Alba negó con la cabeza, un tanto decepcionada: no sabía la solución, pero aun así estaba dispuesta a buscarla.

Desde la cocina llegaba el delicioso aroma de un guiso de carne. Alba e Irene, sentadas sobre un montón de heno en la cuadra, sin perder de vista la hermosa figura de Sombra, no paraban de pensar ni un momento en la solución: ¿sería el sol, el cielo, una estatua? ¿El alma, quizás? ¡Uf! ¡Qué difícil! Y sin embargo la solución no tardaría en ser encontrada, aunque ninguna de las dos chicas pudiese sospecharlo todavía.

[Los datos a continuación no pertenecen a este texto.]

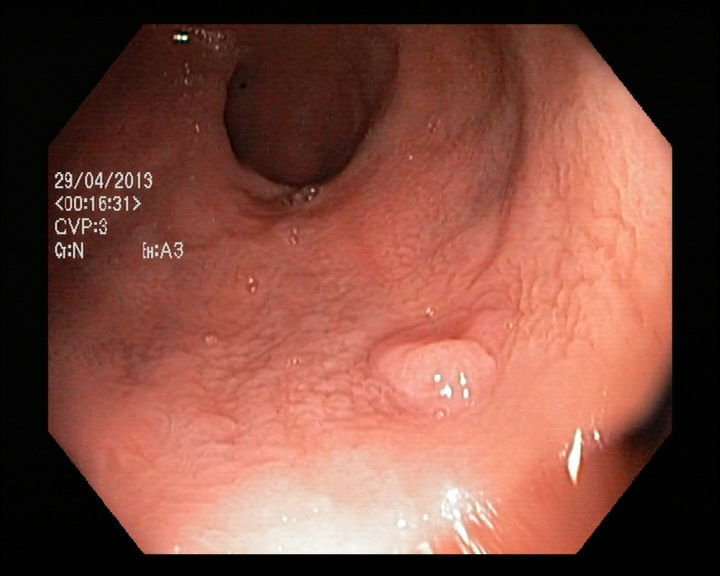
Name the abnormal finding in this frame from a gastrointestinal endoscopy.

colon polyp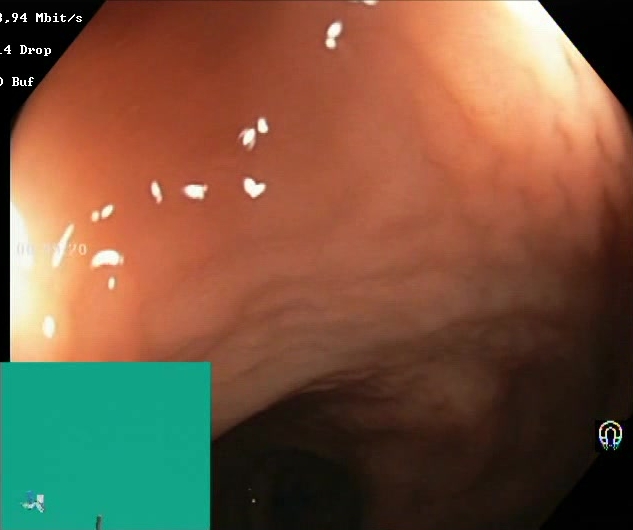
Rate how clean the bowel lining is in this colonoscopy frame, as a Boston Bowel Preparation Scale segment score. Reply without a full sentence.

[Paciencia. Tal vez la Esfinge nos plantee un nuevo enigma y quien lo resuelva (como Arancha, Alberto y Alba) podrá protagonizar otro episodio como premio. De momento, ganará un premio quien me entregue una redacción sobre su animal preferido: ese que ya tiene o ese otro que sueña tener. ]

 

Published in: on marzo 8, 2009 at 8:14 pm  Deja un comentario  

PISTAS al Enigma de la Esfinge V

Un espíritu, un fantasma, un volcán, el alma, el sol, la imaginación… Todas esas respuestas me han llegado ya y, aunque son estupendas… ¡nada, que no es nada de eso!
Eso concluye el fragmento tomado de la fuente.